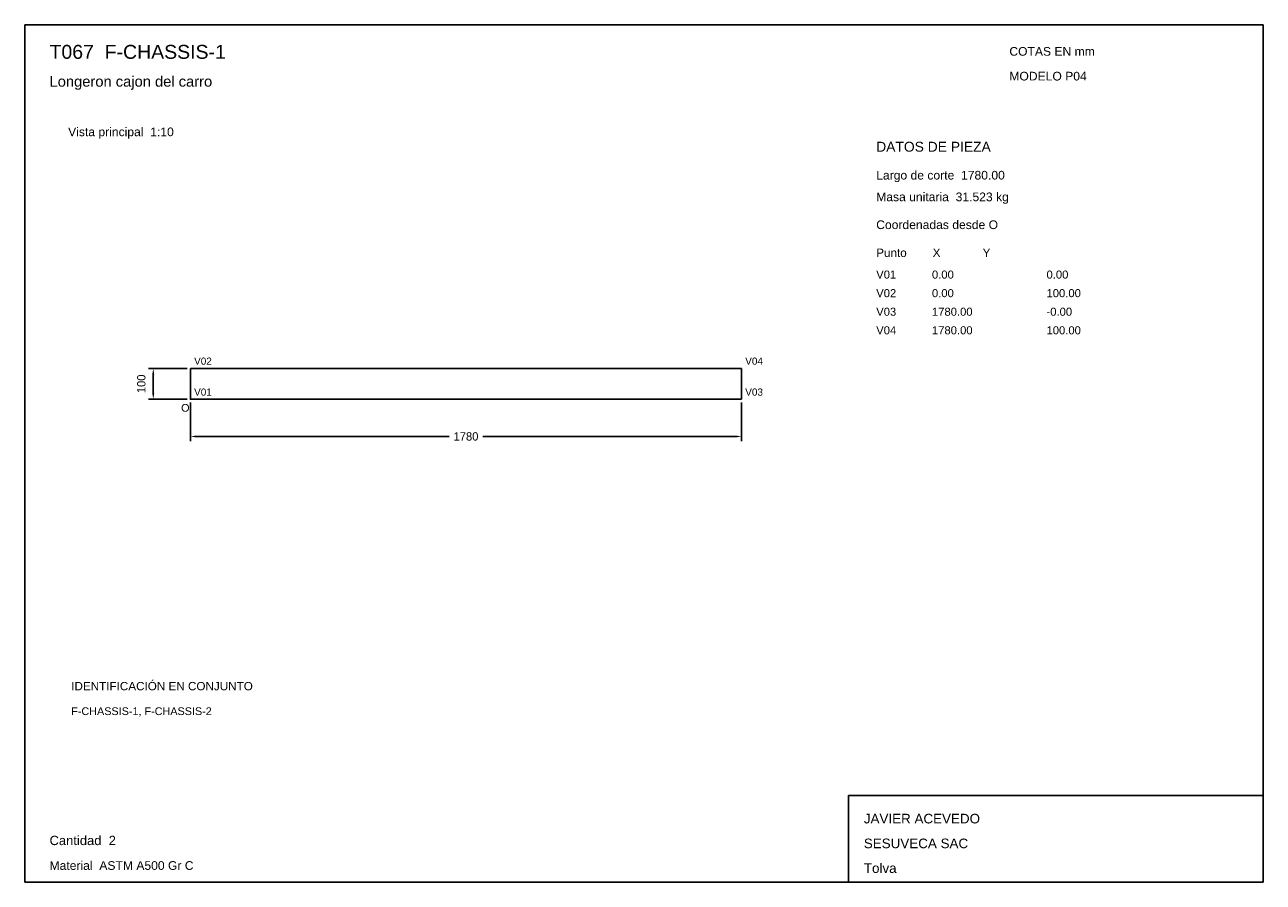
# Model space of a CAD drawing. Header units: millimetres. Extents: x 10 to 410, y 10 to 287.
import ezdxf

# ---------------------------------------------------------------- set-up
doc = ezdxf.new("R2010")
doc.units = ezdxf.units.MM
doc.styles.add('ARIAL', font='arial.ttf')
doc.dimstyles.get("Standard").update_dxf_attribs({"dimtxt": 2.5, "dimasz": 2.5, "dimexe": 1.25, "dimexo": 0.625, "dimtad": 1, "dimcen": 2.5, "dimazin": 3, "dimtfac": 1, "dimtmove": 0, "dimatfit": 3})

# ---------------------------------------------------------------- blocks, each defined once
blk = doc.blocks.new('_CLOSEDFILLED')
at = {"color": 0, "linetype": 'BYBLOCK'}
blk.add_solid([(-1, 0.16), (0, 0), (-1, -0.16)], dxfattribs=at)
blk = doc.blocks.new('*D1')
for p, q in [((63.5, 165), (63.5, 152.5)), ((241.5, 165), (241.5, 152.5)), ((65.5, 154), (147.1, 154)), ((157.9, 154), (239.5, 154))]:
    blk.add_line(p, q)
at = {"layer": 'Defpoints'}
for p in [(63.5, 166), (241.5, 166), (63.5, 154)]:
    blk.add_point(p, dxfattribs=at)
at = {"xscale": 2, "yscale": 2, "rotation": 180}
blk.add_blockref('_CLOSEDFILLED', (63.5, 154), dxfattribs=at)
at = {"xscale": 2, "yscale": 2}
blk.add_blockref('_CLOSEDFILLED', (241.5, 154), dxfattribs=at)
at = {"insert": (152.5, 154), "char_height": 2.7, "attachment_point": 5}
blk.add_mtext('1780', dxfattribs=at)
blk = doc.blocks.new('*D2')
for p, q in [((62.5, 176), (50, 176)), ((51.5, 168), (51.5, 174)), ((62.5, 166), (50, 166))]:
    blk.add_line(p, q)
at = {"layer": 'Defpoints'}
for p in [(63.5, 176), (51.5, 166), (63.5, 166)]:
    blk.add_point(p, dxfattribs=at)
at = {"xscale": 2, "yscale": 2}
for p, rotation in [((51.5, 176), 90), ((51.5, 166), 270)]:
    blk.add_blockref('_CLOSEDFILLED', p, dxfattribs=dict(at, rotation=rotation))
at = {"insert": (47.65, 171), "char_height": 2.7, "attachment_point": 5, "rotation": 90}
blk.add_mtext('100', dxfattribs=at)

msp = doc.modelspace()

# ---------------------------------------------------------------- linework, layer by layer
for p, q in [((410, 287), (10, 287)), ((10, 287), (10, 10)), ((410, 10), (410, 287)), ((410, 38), (276, 38)), ((276, 38), (276, 10)), ((410, 10), (410, 38)), ((10, 10), (410, 10)), ((276, 10), (410, 10))]:
    msp.add_line(p, q)
for points in [[(63.5, 166), (63.5, 176), (63.5, 176)], [(241.5, 176), (63.5, 176), (63.5, 176)], [(241.5, 166), (241.5, 176), (241.5, 176)], [(241.5, 166), (63.5, 166), (63.5, 166)]]:
    msp.add_lwpolyline(points)

# ---------------------------------------------------------------- texts
at = {"style": 'ARIAL'}
for s, height, p in [('T067  F-CHASSIS-1', 4.5, (18, 276)), ('COTAS EN mm', 2.8, (328, 277)), ('Longeron cajon del carro', 3.4, (18, 267)), ('MODELO P04', 2.8, (328, 269)), ('Vista principal  1:10', 2.8, (24, 251)), ('DATOS DE PIEZA', 3.2, (285, 246)), ('Largo de corte  1780.00', 2.8, (285, 237)), ('Masa unitaria  31.523 kg', 2.8, (285, 230)), ('Coordenadas desde O', 2.8, (285, 221)), ('Punto        X             Y', 2.7, (285, 212)), ('V01', 2.6, (285, 205)), ('0.00', 2.6, (303, 205)), ('0.00', 2.6, (340, 205)), ('V02', 2.6, (285, 199)), ('0.00', 2.6, (303, 199)), ('100.00', 2.6, (340, 199)), ('V03', 2.6, (285, 193)), ('1780.00', 2.6, (303, 193)), ('-0.00', 2.6, (340, 193)), ('V04', 2.6, (285, 187)), ('1780.00', 2.6, (303, 187)), ('100.00', 2.6, (340, 187)), ('V02', 2.3, (64.7, 177.2)), ('V04', 2.3, (242.7, 177.2)), ('V01', 2.3, (64.7, 167.2)), ('V03', 2.3, (242.7, 167.2)), ('O', 2.5, (60.5, 162)), ('IDENTIFICACIÓN EN CONJUNTO', 2.7, (25, 72)), ('F-CHASSIS-1, F-CHASSIS-2', 2.5, (25, 64)), ('JAVIER ACEVEDO', 3.1, (281, 29)), ('Cantidad  2', 3, (18, 22)), ('SESUVECA SAC', 3.1, (281, 21)), ('Material  ASTM A500 Gr C', 2.8, (18, 14)), ('Tolva', 3.1, (281, 13))]:
    msp.add_text(s, height=height, dxfattribs=at).set_placement(p)

# ---------------------------------------------------------------- dimensions: what is measured, and where the dimension line sits
dim = msp.add_linear_dim(base=(51.5, 166), p1=(63.5, 166), p2=(63.5, 176), angle=90, dimstyle='Standard', override={"dimtxt": 2.7, "dimasz": 2, "dimexe": 1.5, "dimexo": 1, "dimgap": 1, "dimdec": 2, "dimlfac": 10, "dimzin": 8})
dim.commit()
dim.dimension.update_dxf_attribs({"geometry": '*D2', "text_midpoint": (47.65, 171)})
dim = msp.add_linear_dim(base=(63.5, 154), p1=(63.5, 166), p2=(241.5, 166), dimstyle='Standard', override={"dimtxt": 2.7, "dimasz": 2, "dimexe": 1.5, "dimexo": 1, "dimgap": 1, "dimdec": 2, "dimlfac": 10, "dimzin": 8})
dim.commit()
dim.dimension.update_dxf_attribs({"geometry": '*D1', "text_midpoint": (152.5, 154)})

doc.saveas('drawing.dxf')

Work instructions – Reproduce the material word for word. Skip every picture it holds.

Response to the exercise –
# Model space of a CAD drawing. Header units: millimetres. Extents: x 10 to 410, y 10 to 287.
import ezdxf

# ---------------------------------------------------------------- set-up
doc = ezdxf.new("R2010")
doc.units = ezdxf.units.MM
doc.styles.add('ARIAL', font='arial.ttf')
doc.dimstyles.get("Standard").update_dxf_attribs({"dimtxt": 2.5, "dimasz": 2.5, "dimexe": 1.25, "dimexo": 0.625, "dimtad": 1, "dimcen": 2.5, "dimazin": 3, "dimtfac": 1, "dimtmove": 0, "dimatfit": 3})

# ---------------------------------------------------------------- blocks, each defined once
blk = doc.blocks.new('_CLOSEDFILLED')
at = {"color": 0, "linetype": 'BYBLOCK'}
blk.add_solid([(-1, 0.16), (0, 0), (-1, -0.16)], dxfattribs=at)
blk = doc.blocks.new('*D1')
for p, q in [((63.5, 165), (63.5, 152.5)), ((241.5, 165), (241.5, 152.5)), ((65.5, 154), (147.1, 154)), ((157.9, 154), (239.5, 154))]:
    blk.add_line(p, q)
at = {"layer": 'Defpoints'}
for p in [(63.5, 166), (241.5, 166), (63.5, 154)]:
    blk.add_point(p, dxfattribs=at)
at = {"xscale": 2, "yscale": 2, "rotation": 180}
blk.add_blockref('_CLOSEDFILLED', (63.5, 154), dxfattribs=at)
at = {"xscale": 2, "yscale": 2}
blk.add_blockref('_CLOSEDFILLED', (241.5, 154), dxfattribs=at)
at = {"insert": (152.5, 154), "char_height": 2.7, "attachment_point": 5}
blk.add_mtext('1780', dxfattribs=at)
blk = doc.blocks.new('*D2')
for p, q in [((62.5, 176), (50, 176)), ((51.5, 168), (51.5, 174)), ((62.5, 166), (50, 166))]:
    blk.add_line(p, q)
at = {"layer": 'Defpoints'}
for p in [(63.5, 176), (51.5, 166), (63.5, 166)]:
    blk.add_point(p, dxfattribs=at)
at = {"xscale": 2, "yscale": 2}
for p, rotation in [((51.5, 176), 90), ((51.5, 166), 270)]:
    blk.add_blockref('_CLOSEDFILLED', p, dxfattribs=dict(at, rotation=rotation))
at = {"insert": (47.65, 171), "char_height": 2.7, "attachment_point": 5, "rotation": 90}
blk.add_mtext('100', dxfattribs=at)

msp = doc.modelspace()

# ---------------------------------------------------------------- linework, layer by layer
for p, q in [((410, 287), (10, 287)), ((10, 287), (10, 10)), ((410, 10), (410, 287)), ((410, 38), (276, 38)), ((276, 38), (276, 10)), ((410, 10), (410, 38)), ((10, 10), (410, 10)), ((276, 10), (410, 10))]:
    msp.add_line(p, q)
for points in [[(63.5, 166), (63.5, 176), (63.5, 176)], [(241.5, 176), (63.5, 176), (63.5, 176)], [(241.5, 166), (241.5, 176), (241.5, 176)], [(241.5, 166), (63.5, 166), (63.5, 166)]]:
    msp.add_lwpolyline(points)

# ---------------------------------------------------------------- texts
at = {"style": 'ARIAL'}
for s, height, p in [('T067  F-CHASSIS-1', 4.5, (18, 276)), ('COTAS EN mm', 2.8, (328, 277)), ('Longeron cajon del carro', 3.4, (18, 267)), ('MODELO P04', 2.8, (328, 269)), ('Vista principal  1:10', 2.8, (24, 251)), ('DATOS DE PIEZA', 3.2, (285, 246)), ('Largo de corte  1780.00', 2.8, (285, 237)), ('Masa unitaria  31.523 kg', 2.8, (285, 230)), ('Coordenadas desde O', 2.8, (285, 221)), ('Punto        X             Y', 2.7, (285, 212)), ('V01', 2.6, (285, 205)), ('0.00', 2.6, (303, 205)), ('0.00', 2.6, (340, 205)), ('V02', 2.6, (285, 199)), ('0.00', 2.6, (303, 199)), ('100.00', 2.6, (340, 199)), ('V03', 2.6, (285, 193)), ('1780.00', 2.6, (303, 193)), ('-0.00', 2.6, (340, 193)), ('V04', 2.6, (285, 187)), ('1780.00', 2.6, (303, 187)), ('100.00', 2.6, (340, 187)), ('V02', 2.3, (64.7, 177.2)), ('V04', 2.3, (242.7, 177.2)), ('V01', 2.3, (64.7, 167.2)), ('V03', 2.3, (242.7, 167.2)), ('O', 2.5, (60.5, 162)), ('IDENTIFICACIÓN EN CONJUNTO', 2.7, (25, 72)), ('F-CHASSIS-1, F-CHASSIS-2', 2.5, (25, 64)), ('JAVIER ACEVEDO', 3.1, (281, 29)), ('Cantidad  2', 3, (18, 22)), ('SESUVECA SAC', 3.1, (281, 21)), ('Material  ASTM A500 Gr C', 2.8, (18, 14)), ('Tolva', 3.1, (281, 13))]:
    msp.add_text(s, height=height, dxfattribs=at).set_placement(p)

# ---------------------------------------------------------------- dimensions: what is measured, and where the dimension line sits
dim = msp.add_linear_dim(base=(51.5, 166), p1=(63.5, 166), p2=(63.5, 176), angle=90, dimstyle='Standard', override={"dimtxt": 2.7, "dimasz": 2, "dimexe": 1.5, "dimexo": 1, "dimgap": 1, "dimdec": 2, "dimlfac": 10, "dimzin": 8})
dim.commit()
dim.dimension.update_dxf_attribs({"geometry": '*D2', "text_midpoint": (47.65, 171)})
dim = msp.add_linear_dim(base=(63.5, 154), p1=(63.5, 166), p2=(241.5, 166), dimstyle='Standard', override={"dimtxt": 2.7, "dimasz": 2, "dimexe": 1.5, "dimexo": 1, "dimgap": 1, "dimdec": 2, "dimlfac": 10, "dimzin": 8})
dim.commit()
dim.dimension.update_dxf_attribs({"geometry": '*D1', "text_midpoint": (152.5, 154)})

doc.saveas('drawing.dxf')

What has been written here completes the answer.